Document and key-value item storage
DynamoDB can store JSON document or key-value items in the table.
Like other NoSQL document database, DynamoDB is schema-less. The key attribute is only one mandatory attribute in the item.
Eventual and Immediate consistency
You can create the table in two consistency modes in DynamoDB.
Eventual consistency – The cheaper option, with the query may or may not make the latest item available.
Immediate consistency – If your application wants immediate consistency with query result should always give the latest items.
Time to live items
This is one of the power features of DynamoDB which enables many use cases not possible without writing custom application code. You can get your items deleted after a certain amount of time automatically by a sweeper.
DynamoDB streams is another powerful feature which enables execution of AWS Lambda function when item created, updated or deleted. Streams are similar to AWS Kinesis stream and you can use it for many use cases.
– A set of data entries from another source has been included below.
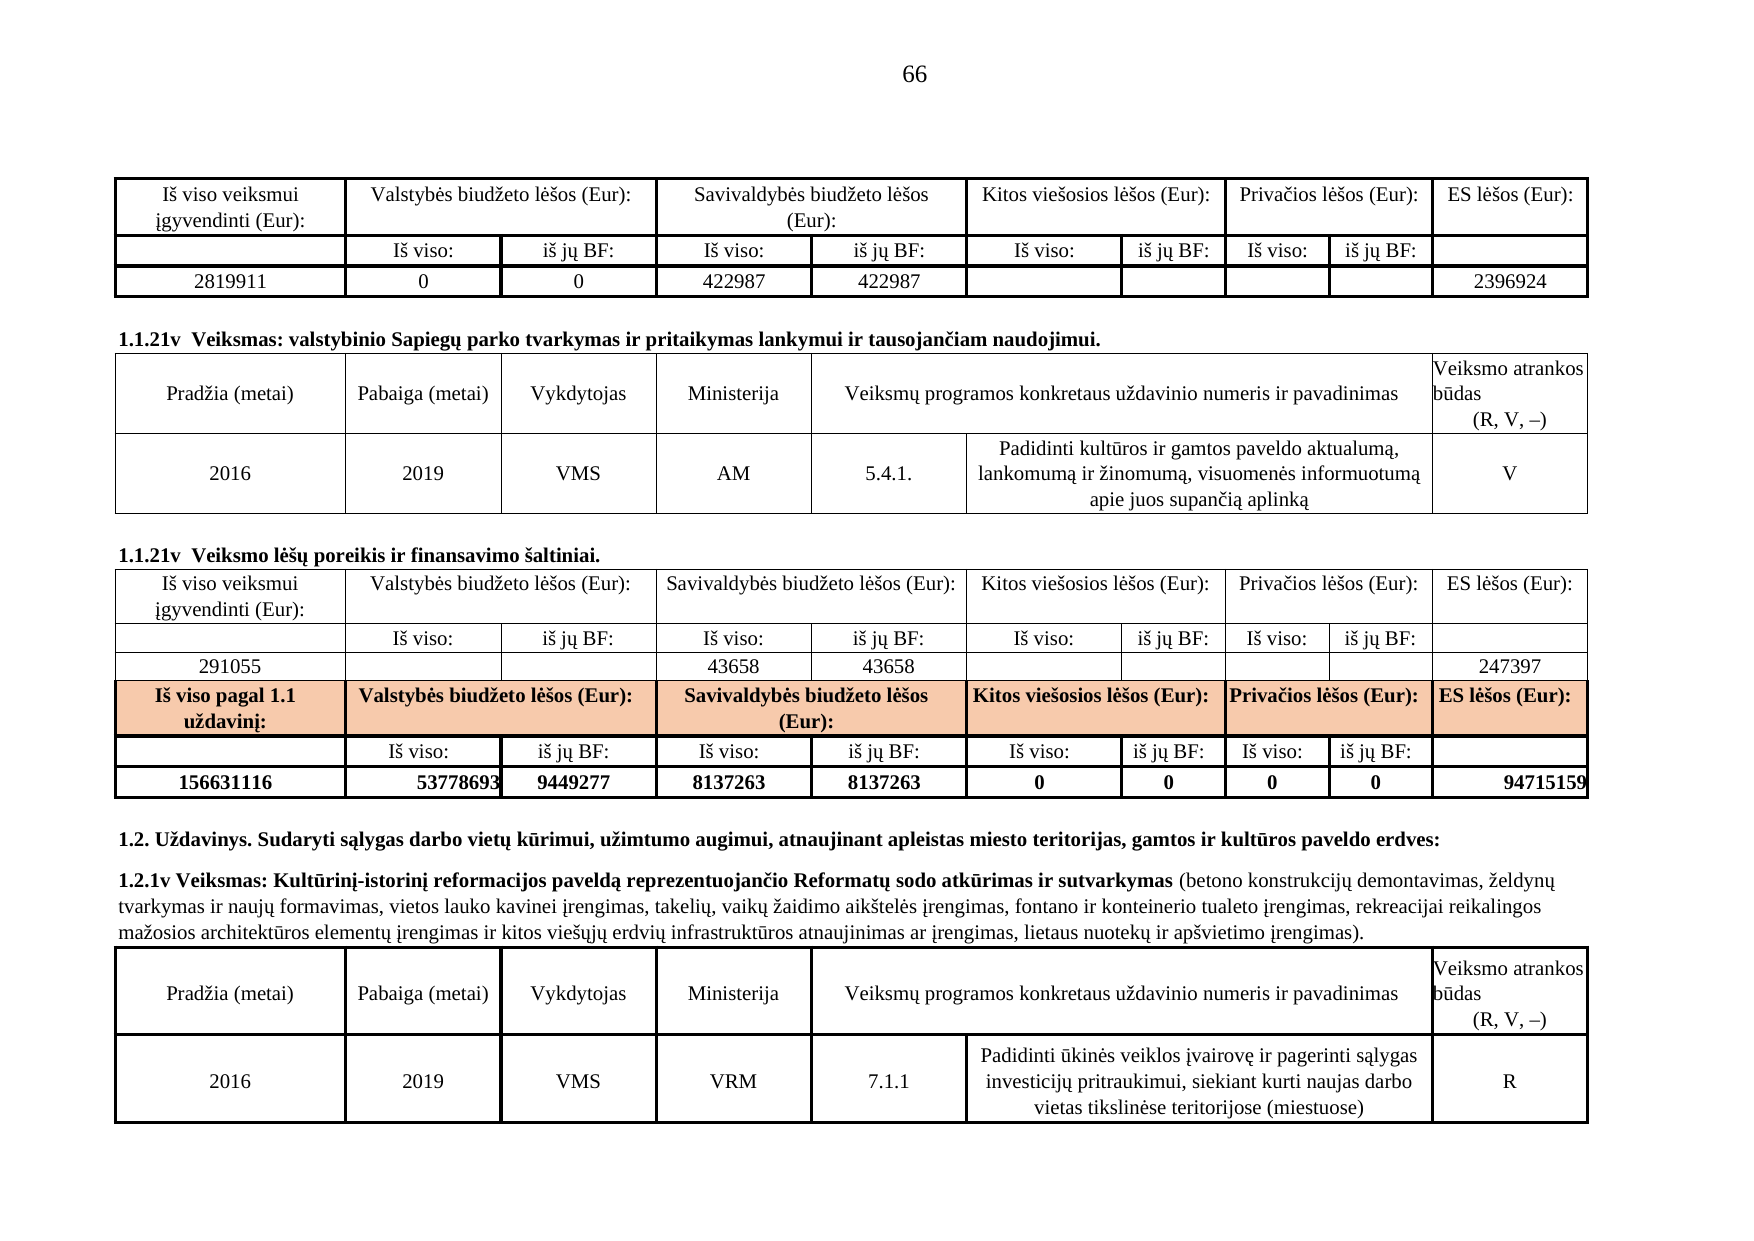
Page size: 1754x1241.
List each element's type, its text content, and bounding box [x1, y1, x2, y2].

table_cell 0 [503, 268, 655, 295]
table_cell 2819911 [117, 268, 344, 295]
table_header Ministerija [657, 354, 811, 433]
table_cell Iš viso: [658, 738, 810, 765]
table_cell iš jų BF: [1122, 624, 1225, 652]
table_header Veiksmo atrankos būdas (R, V, –) [1433, 354, 1587, 433]
table_header Valstybės biudžeto lėšos (Eur): [347, 180, 655, 234]
table_cell [1123, 268, 1224, 295]
table_cell iš jų BF: [1123, 237, 1224, 264]
table_header Savivaldybės biudžeto lėšos (Eur): [657, 570, 966, 623]
table_cell 0 [1123, 768, 1224, 796]
table_cell [1227, 268, 1328, 295]
table_header Privačios lėšos (Eur): [1226, 570, 1432, 623]
table_cell [1122, 653, 1225, 680]
text 1.2.1v Veiksmas: Kultūrinį-istorinį reformacijos paveldą reprezentuojančio Reformatų sodo atkūrimas ir sutvarkymas (betono konstrukcijų demontavimas, želdynų tvarkymas ir naujų formavimas, vietos lauko kavinei įrengimas, takelių, vaikų žaidimo aikštelės įrengimas, fontano ir konteinerio tualeto įrengimas, rekreacijai reikalingos mažosios architektūros elementų įrengimas ir kitos viešųjų erdvių infrastruktūros atnaujinimas ar įrengimas, lietaus nuotekų ir apšvietimo įrengimas). [118, 868, 1583, 944]
table_cell VRM [658, 1036, 810, 1121]
table_cell V [1433, 434, 1587, 513]
table_header Kitos viešosios lėšos (Eur): [968, 180, 1224, 234]
table_cell R [1434, 1036, 1586, 1121]
table_cell [1226, 653, 1329, 680]
table_cell 53778693 [347, 768, 499, 796]
table_cell 0 [347, 268, 499, 295]
table_cell VMS [503, 1036, 655, 1121]
table_cell 422987 [813, 268, 965, 295]
table_header Valstybės biudžeto lėšos (Eur): [346, 570, 656, 623]
table_cell [502, 653, 656, 680]
table_header Ministerija [658, 949, 810, 1033]
table_cell [1433, 624, 1587, 652]
table_cell Iš viso: [346, 624, 501, 652]
table_cell ES lėšos (Eur): [1434, 681, 1586, 734]
table_cell [1434, 738, 1586, 765]
table_cell 2019 [347, 1036, 499, 1121]
table_cell 7.1.1 [813, 1036, 965, 1121]
table_cell 156631116 [117, 768, 344, 796]
table_cell iš jų BF: [503, 237, 655, 264]
table_cell AM [657, 434, 811, 513]
table_cell [1330, 653, 1432, 680]
table_cell 0 [1331, 768, 1431, 796]
table_header Pabaiga (metai) [347, 949, 499, 1033]
table_cell iš jų BF: [1331, 738, 1431, 765]
table_cell iš jų BF: [813, 738, 965, 765]
table_cell Iš viso: [968, 738, 1120, 765]
table_cell iš jų BF: [503, 738, 655, 765]
table_cell 43658 [657, 653, 811, 680]
table_cell [967, 653, 1121, 680]
table_cell [346, 653, 501, 680]
text 1.1.21v Veiksmo lėšų poreikis ir finansavimo šaltiniai. [118, 543, 1636, 567]
text 1.2. Uždavinys. Sudaryti sąlygas darbo vietų kūrimui, užimtumo augimui, atnaujinant apleistas miesto teritorijas, gamtos ir kultūros paveldo erdves: [118, 827, 1636, 851]
table_cell Iš viso: [347, 237, 499, 264]
table_cell [116, 624, 345, 652]
table_header Veiksmų programos konkretaus uždavinio numeris ir pavadinimas [812, 354, 1432, 433]
table_header Iš viso veiksmui įgyvendinti (Eur): [117, 180, 344, 234]
table_header Pabaiga (metai) [346, 354, 501, 433]
table_cell 2019 [346, 434, 501, 513]
table_header Iš viso veiksmui įgyvendinti (Eur): [116, 570, 345, 623]
table_cell iš jų BF: [502, 624, 656, 652]
table_cell 2396924 [1434, 268, 1586, 295]
table_header Veiksmų programos konkretaus uždavinio numeris ir pavadinimas [813, 949, 1431, 1033]
table_cell 9449277 [503, 768, 655, 796]
table_cell 0 [1227, 768, 1328, 796]
table_cell Iš viso: [1227, 237, 1328, 264]
table_cell Padidinti kultūros ir gamtos paveldo aktualumą, lankomumą ir žinomumą, visuomenės informuotumą apie juos supančią aplinką [967, 434, 1432, 513]
table_cell Iš viso: [1227, 738, 1328, 765]
table_cell Iš viso: [658, 237, 810, 264]
table_header Vykdytojas [502, 354, 656, 433]
table_cell iš jų BF: [1331, 237, 1431, 264]
table_cell Valstybės biudžeto lėšos (Eur): [347, 681, 655, 734]
table_cell Iš viso: [967, 624, 1121, 652]
table_header Privačios lėšos (Eur): [1227, 180, 1431, 234]
table_header Savivaldybės biudžeto lėšos (Eur): [658, 180, 965, 234]
table_cell Iš viso: [657, 624, 811, 652]
table_cell Iš viso: [347, 738, 499, 765]
table_header Veiksmo atrankos būdas (R, V, –) [1434, 949, 1586, 1033]
table_cell 247397 [1433, 653, 1587, 680]
table_header Vykdytojas [503, 949, 655, 1033]
table_cell 5.4.1. [812, 434, 966, 513]
table_cell 8137263 [813, 768, 965, 796]
table_cell 94715159 [1434, 768, 1586, 796]
table_header ES lėšos (Eur): [1433, 570, 1587, 623]
table_header Pradžia (metai) [116, 354, 345, 433]
table_header ES lėšos (Eur): [1434, 180, 1586, 234]
text 1.1.21v Veiksmas: valstybinio Sapiegų parko tvarkymas ir pritaikymas lankymui ir tausojančiam naudojimui. [118, 327, 1636, 351]
table_cell [1331, 268, 1431, 295]
table_cell iš jų BF: [1123, 738, 1224, 765]
table_cell Savivaldybės biudžeto lėšos (Eur): [658, 681, 965, 734]
table_cell 291055 [116, 653, 345, 680]
table_cell 43658 [812, 653, 966, 680]
table_cell 2016 [116, 434, 345, 513]
table_cell [1434, 237, 1586, 264]
table_cell 0 [968, 768, 1120, 796]
table_cell [117, 738, 344, 765]
table_header Kitos viešosios lėšos (Eur): [967, 570, 1225, 623]
table_cell Padidinti ūkinės veiklos įvairovę ir pagerinti sąlygas investicijų pritraukimui, siekiant kurti naujas darbo vietas tikslinėse teritorijose (miestuose) [968, 1036, 1431, 1121]
table_cell [968, 268, 1120, 295]
table_cell iš jų BF: [1330, 624, 1432, 652]
table_cell Iš viso: [1226, 624, 1329, 652]
table_cell iš jų BF: [812, 624, 966, 652]
table_cell 8137263 [658, 768, 810, 796]
table_cell 2016 [117, 1036, 344, 1121]
table_cell Privačios lėšos (Eur): [1227, 681, 1431, 734]
table_cell iš jų BF: [813, 237, 965, 264]
table_header Pradžia (metai) [117, 949, 344, 1033]
table_cell Iš viso: [968, 237, 1120, 264]
table_cell Iš viso pagal 1.1 uždavinį: [117, 681, 344, 734]
table_cell [117, 237, 344, 264]
table_cell Kitos viešosios lėšos (Eur): [968, 681, 1224, 734]
table_cell 422987 [658, 268, 810, 295]
table_cell VMS [502, 434, 656, 513]
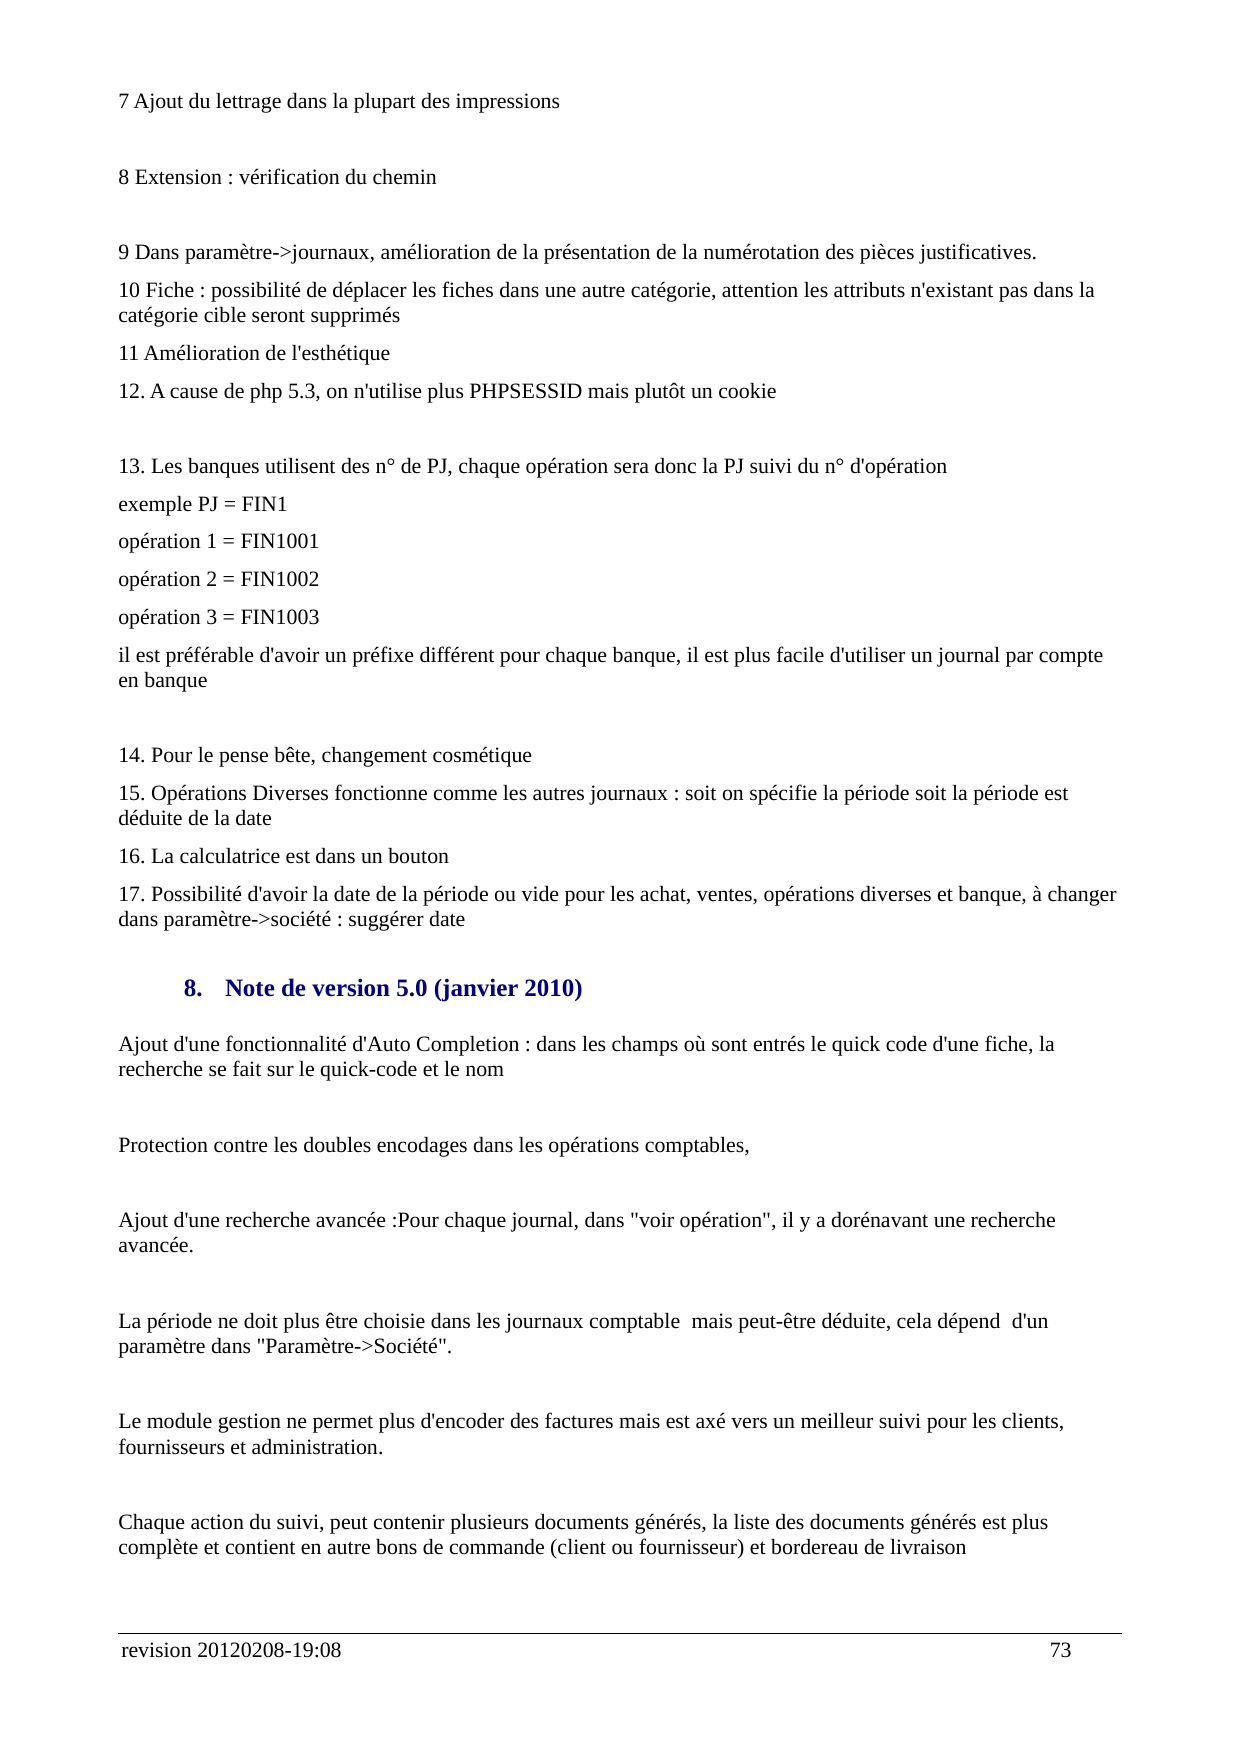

For E.g. create your own data pipeline for creating aggregated records like average, sum etc. Or sending the email when a new user record inserted.
Local DynamoDB setup
For ease of development and integration test, you can use DynamoDB local distribution. It is Java application and it can with Java Runtime Environment installed in the environment.
One last thing which I have not highlighted but important. Being a part of AWS cloud offering, It can easily integrate with AWS Athena for big data computation need. However, you can always integrate it with Apache Spark or other Big data computation engine.
I will suggest you to try DynamoDB as your NOSQL need, let see if it fits your need. They provide generous free tier to start with.